§ **Exercise material**:
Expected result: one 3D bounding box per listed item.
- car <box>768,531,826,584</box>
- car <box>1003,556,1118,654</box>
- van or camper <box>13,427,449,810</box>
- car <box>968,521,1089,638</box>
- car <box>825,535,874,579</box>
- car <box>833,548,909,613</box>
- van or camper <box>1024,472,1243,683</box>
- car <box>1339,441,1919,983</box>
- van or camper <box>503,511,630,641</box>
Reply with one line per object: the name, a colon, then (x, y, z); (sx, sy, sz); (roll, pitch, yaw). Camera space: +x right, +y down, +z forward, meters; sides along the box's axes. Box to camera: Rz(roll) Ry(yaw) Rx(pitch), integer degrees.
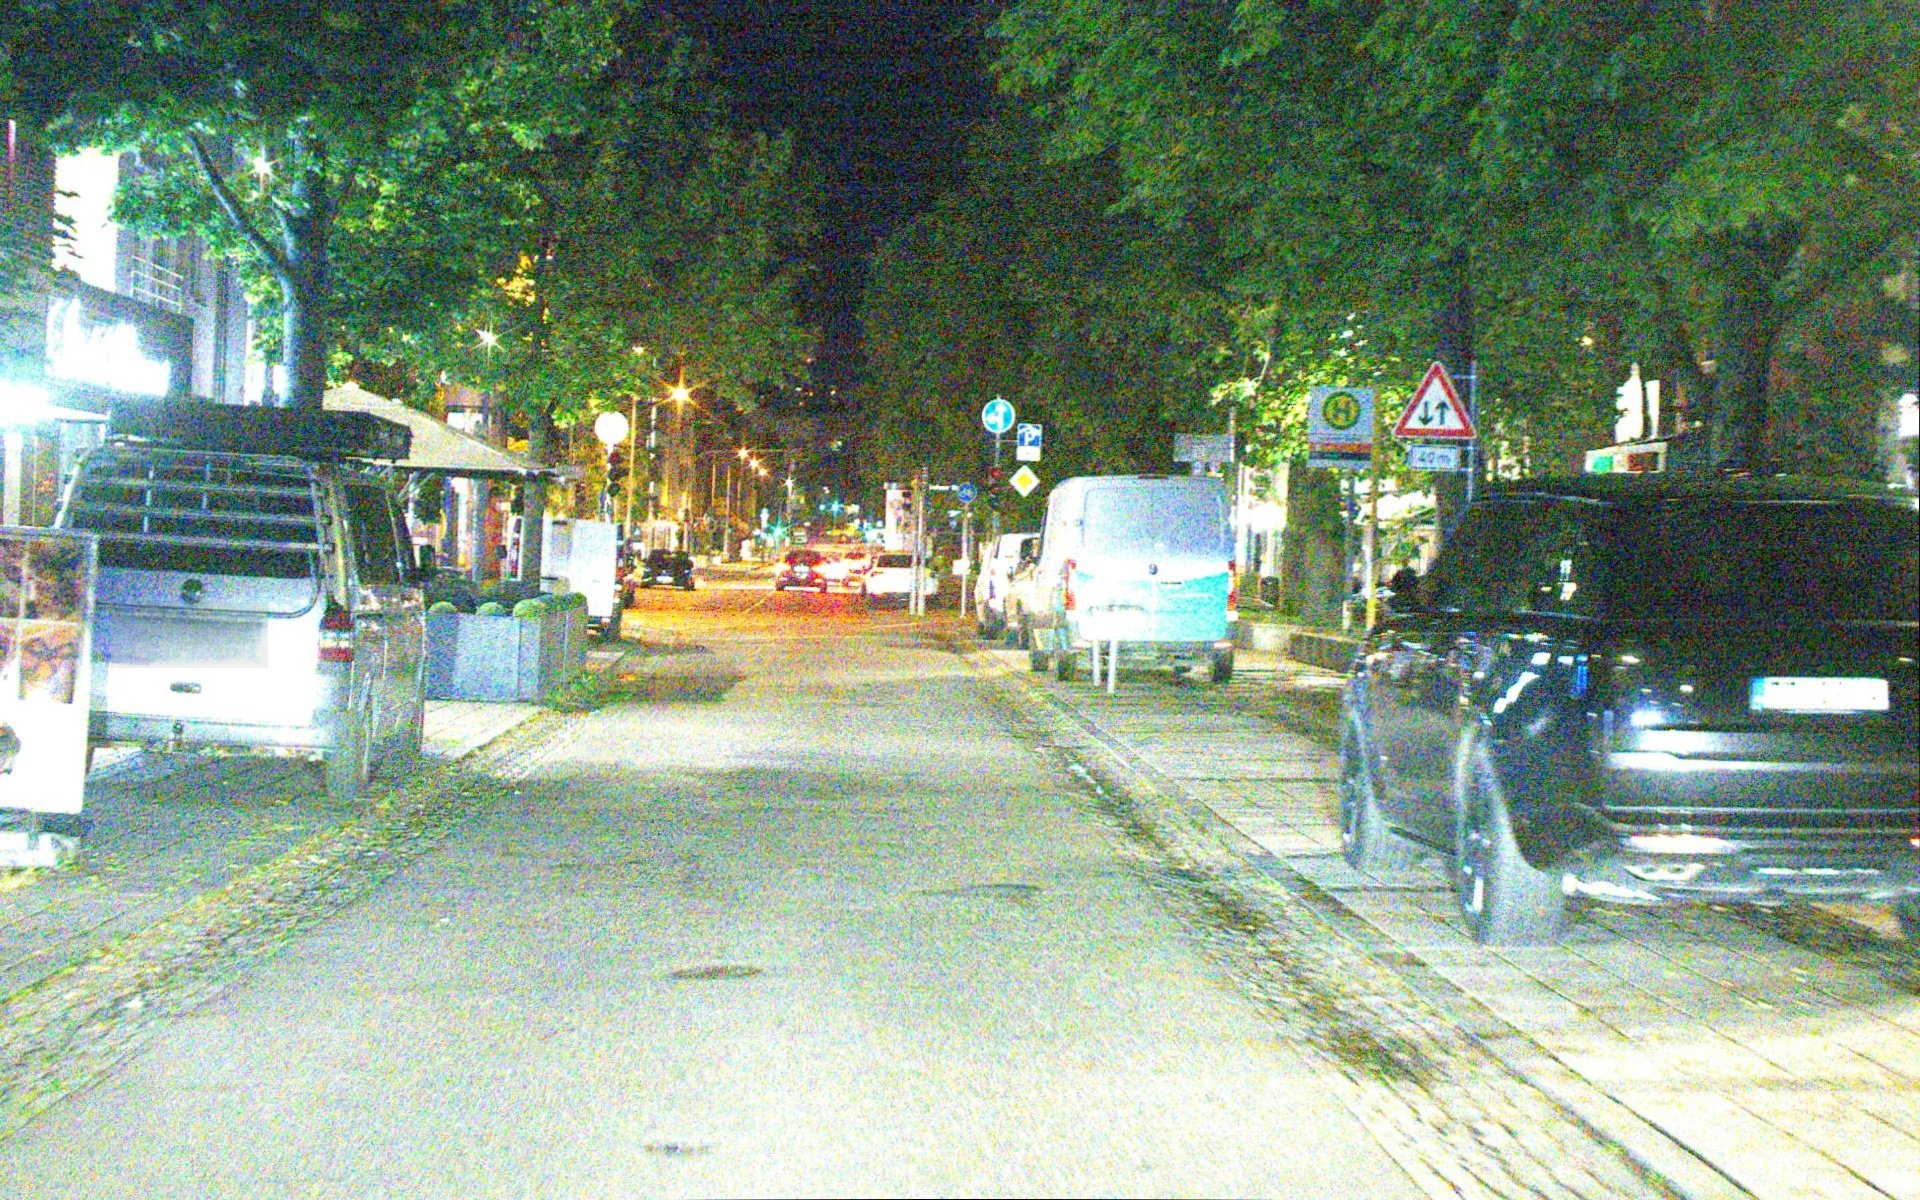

§ **Exercise goal**:
Exactly as they stand, set down the lines from the top of the data through the line with "- van or camper <box>503,511,630,641</box>".

§ **Answer to the problem**:
Expected result: one 3D bounding box per listed item.
- car <box>768,531,826,584</box>
- car <box>1003,556,1118,654</box>
- van or camper <box>13,427,449,810</box>
- car <box>968,521,1089,638</box>
- car <box>825,535,874,579</box>
- car <box>833,548,909,613</box>
- van or camper <box>1024,472,1243,683</box>
- car <box>1339,441,1919,983</box>
- van or camper <box>503,511,630,641</box>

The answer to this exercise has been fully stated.